From 508a77818b3e56b74ece8c48479593987475634d Mon Sep 17 00:00:00 2001
From: Matt Craddock <5796417+craddm@users.noreply.github.com>
Date: Tue, 3 Dec 2024 12:44:03 +0000
Subject: [PATCH] more linting
---
.../security_checklist_template.md | 67 ++++++++++---------
1 file changed, 34 insertions(+), 33 deletions(-)

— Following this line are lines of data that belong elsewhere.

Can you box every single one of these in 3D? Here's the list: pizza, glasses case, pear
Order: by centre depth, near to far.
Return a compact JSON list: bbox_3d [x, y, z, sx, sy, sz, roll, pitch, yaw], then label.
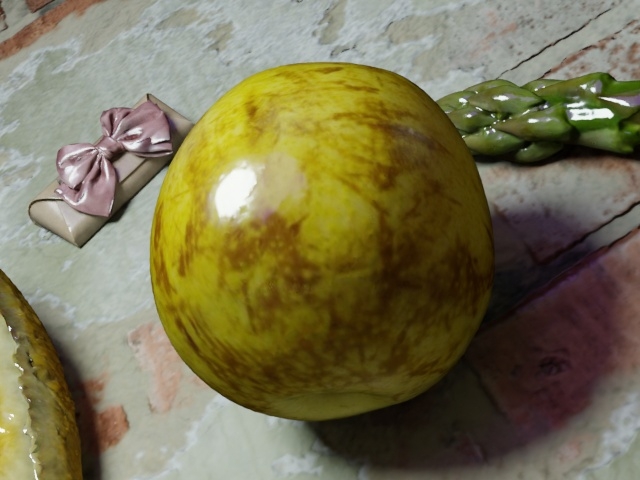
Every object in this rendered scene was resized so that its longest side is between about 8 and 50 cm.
[{"bbox_3d":[0.000,0.000,1.062,0.281,0.280,0.280,-21,38,17],"label":"pear"},{"bbox_3d":[-0.403,0.211,1.253,0.406,0.130,0.440,-32,46,2],"label":"pizza"},{"bbox_3d":[-0.220,-0.082,1.497,0.193,0.070,0.102,-46,39,-16],"label":"glasses case"}]

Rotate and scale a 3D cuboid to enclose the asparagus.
[{"bbox_3d":[0.191,-0.104,1.203,0.287,0.080,0.080,2,49,40],"label":"asparagus"}]

diff --git a/docs/source/deployment/security_checklist/security_checklist_template.md b/docs/source/deployment/security_checklist/security_checklist_template.md
index bcb8a9931b..55c2d3b543 100644
--- a/docs/source/deployment/security_checklist/security_checklist_template.md
+++ b/docs/source/deployment/security_checklist/security_checklist_template.md
@@ -1,4 +1,5 @@
# Security checklist
+
Running on SHM/SREs deployed using commit xxxxxx
## Summary
@@ -18,23 +19,23 @@ Running on SHM/SREs deployed using commit xxxxxx
- Verify that: User can reset their own password
![]()
- :white_check_mark:/:partly_sunny:/:fast_forward:/:x: Check: non-registered users cannot connect to any SRE workspace
- - Verify that: User can authenticate but cannot see any workspaces
+ - Verify that: User can authenticate but cannot see any workspaces
![]()
- :white_check_mark:/:partly_sunny:/:fast_forward:/:x: Check: registered users can see SRE workspaces
- - Verify that: User can authenticate and can see workspaces
+ - Verify that: User can authenticate and can see workspaces
![]()
- :white_check_mark:/:partly_sunny:/:fast_forward:/:x: Check: Authenticated user can access workspaces
- - Verify that: You can connect to any workspace
+ - Verify that: You can connect to any workspace
![]()
### Isolated Network
- :white_check_mark:/:partly_sunny:/:fast_forward:/:x: Fail to connect to the internet from a workspace
- - Verify that: Browsing to the service fails
+ - Verify that: Browsing to the service fails
![]()
- - Verify that: You cannot access the service using curl
+ - Verify that: You cannot access the service using curl
![]()
- - Verify: You cannot get the IP address for the service using nslookup
+ - Verify: You cannot get the IP address for the service using nslookup
![]()
### User devices
@@ -42,26 +43,26 @@ Running on SHM/SREs deployed using commit xxxxxx
#### Tier 2:
- Connect to the environment using an allowed IP address and credentials
- - :white_check_mark:/:partly_sunny:/:fast_forward:/:x: Verify that: Connection succeeds
+ - :white_check_mark:/:partly_sunny:/:fast_forward:/:x: Verify that: Connection succeeds
- Connect to the environment from an IP address that is not allowed but with correct credentials
- - :white_check_mark:/:partly_sunny:/:fast_forward:/:x: Verify that: Connection fails
+ - :white_check_mark:/:partly_sunny:/:fast_forward:/:x: Verify that: Connection fails
#### Tier 3:
- All managed devices should be provided by a known IT team at an approved organisation.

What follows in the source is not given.